Constructor finds $55M for tech that powers search and discovery for

One of the biggest problems in the e-commerce world is shopping cart abandonment: when shoppers can’t find what they want fast enough – whether it’s finding the right item, or quick and easy ways to get it. Paying from – they jump. That singular problem is driving a wave of technology developments to make the experience more intuitive, and today one of the companies involved in that space is announcing some of the money behind Healthy Growth.

Constructor, which built the technology powering search and product discovery tools for e-commerce businesses, has raised $55 million in a Series A round of funding. The constructor says it powers “billions” of queries each month, a 233% increase in revenue over the past year. The customers it works with include big names like Sephora, Walmart’s Bonobos, Backcountry, and many more.

The round is led by Silversmith Capital Partners — who, incidentally, just today, led another round for Xenos, an e-commerce startup.

It joins a long list of notable individual investors. These include David Fraga, the former president of InVision; Kevin Weil, former head of product at Twitter and Instagram; Jason Finger, founder of Seamless; Carl Sparks, former CEO of Travelocity; Robin Peterson, CTO at CNN; Dave Heath, founder of Bombus; Ryan Barreto, president of Sprout Social; Melody Hildebrandt, EVP Engineering and CISO at Fox; Xander Raphael, co-founder of Better.com; and Seth Shaw, CRO at Airtable. Cap Table Coalition – a firm that helps under-represented background investors with back-up and up-and-coming startups – was also involved. With this round, Fraga is joining the board of constructors.

The past year and a half has been a bumper one for the e-commerce world – with more traffic, transactions and retailers going online, in the wake of social distancing measures affecting in-person physical shopping. But it has exposed a lot of cracks in how e-commerce works (or doesn’t work, as the case may be).

One of the more passive areas is search and find. As most of us have learned outright, when we search for things in the search window of an online store, it almost always happens that the results are not what we want.

When we browse in physical stores because we’re not sure what we want, often we aren’t prompted with pictures of things we actually like to buy. They can be there – we usually visit sites because we either already know them, or have seen something we like elsewhere – but still, finding what we really want to buy. This can take a long time, and in many cases it may never happen at all.

One problem, says Ellie Finkelshtein, CEO and founder of Constructor, is that search and discovery are often built as static experiences: They are designed to meet a one-size-fits-all model where site architects Has effectively guessed what a buyer might be, and was made for. This is one area the builder has reconsidered, especially by making search and discovery more dynamic and responsive to what’s happened before you visited a site.

“One of the things that went wrong with product search was that sites show you what they think is valuable to you,” he said. “We think the process should be descriptive.”

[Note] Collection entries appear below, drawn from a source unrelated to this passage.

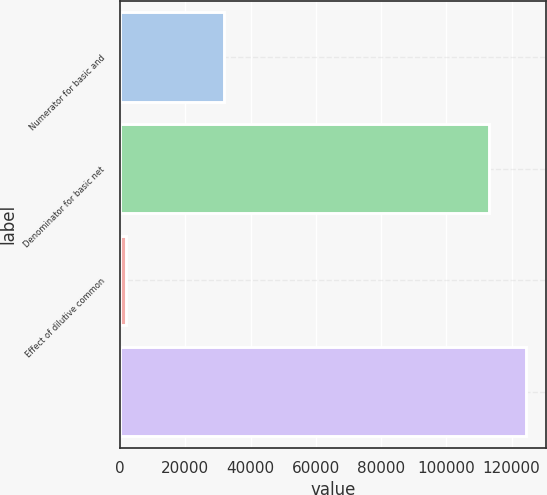Convert chart to OTSL. <chart><loc_0><loc_0><loc_500><loc_500><bar_chart><fcel>Numerator for basic and<fcel>Denominator for basic net<fcel>Effect of dilutive common<fcel>Unnamed: 3<nl><fcel>31904<fcel>113035<fcel>1740<fcel>124338<nl></chart> 
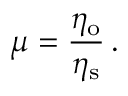Convert formula to latex. <formula><loc_0><loc_0><loc_500><loc_500>\mu = \frac { \eta _ { o } } { \eta _ { s } } \, .</formula> 
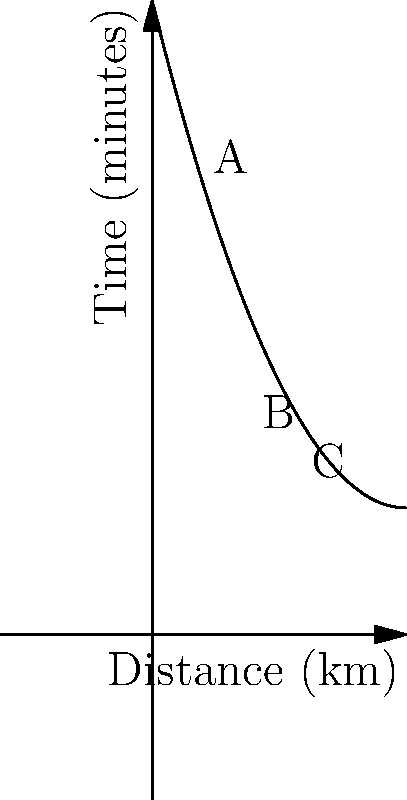You're planning a heist to steal high-tech gadgets from three locations: A, B, and C. The quadratic function $T(d) = 0.2d^2 - 4d + 25$ represents the time (in minutes) it takes to travel a distance $d$ (in kilometers) between locations. Given that A is 2 km from your starting point, B is 5 km, and C is 8 km, what is the optimal order to visit these locations to minimize total travel time? To solve this problem, we need to calculate the time for each possible route and compare them:

1. Calculate time for each distance:
   For A (2 km): $T(2) = 0.2(2)^2 - 4(2) + 25 = 17$ minutes
   For B (5 km): $T(5) = 0.2(5)^2 - 4(5) + 25 = 10$ minutes
   For C (8 km): $T(8) = 0.2(8)^2 - 4(8) + 25 = 17$ minutes

2. Calculate total time for each possible route:
   Route ABC: $T(2) + T(3) + T(3) = 17 + 13 + 13 = 43$ minutes
   Route ACB: $T(2) + T(6) + T(3) = 17 + 13 + 13 = 43$ minutes
   Route BAC: $T(5) + T(3) + T(3) = 10 + 13 + 13 = 36$ minutes
   Route BCA: $T(5) + T(3) + T(6) = 10 + 13 + 13 = 36$ minutes
   Route CAB: $T(8) + T(6) + T(3) = 17 + 13 + 13 = 43$ minutes
   Route CBA: $T(8) + T(3) + T(3) = 17 + 13 + 13 = 43$ minutes

3. Compare the total times:
   The routes BAC and BCA both have the minimum total time of 36 minutes.

4. Choose the optimal route:
   Since both BAC and BCA have the same total time, either can be chosen as the optimal route.
Answer: BAC or BCA 
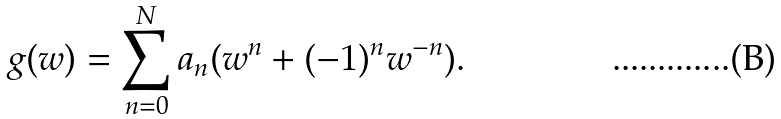Convert formula to latex. <formula><loc_0><loc_0><loc_500><loc_500>g ( w ) = \sum _ { n = 0 } ^ { N } a _ { n } ( w ^ { n } + ( - 1 ) ^ { n } w ^ { - n } ) .</formula>

For example, he talked about Cheetos. Sometimes people who want to buy these start by navigating to the potato chip category. In many static searches, those results may not include Cheetos. Some people may skip their quest altogether (Bounce), but some may walk away from it and search exclusively for Cheetos and add them to their cart. In a descriptive and more dynamic environment, Finkelshtein believes that these two flows should inform all future chip discoveries later.

“We take into account as much data as we can learn, and that list is ever-growing,” he said. “The goal is anything we can learn from should be part of the user experience.”

Google is the current, undisputed leader in the world of search, and uses a lot of dynamic, AI-based tools to learn and transform how it searches and what results it produces.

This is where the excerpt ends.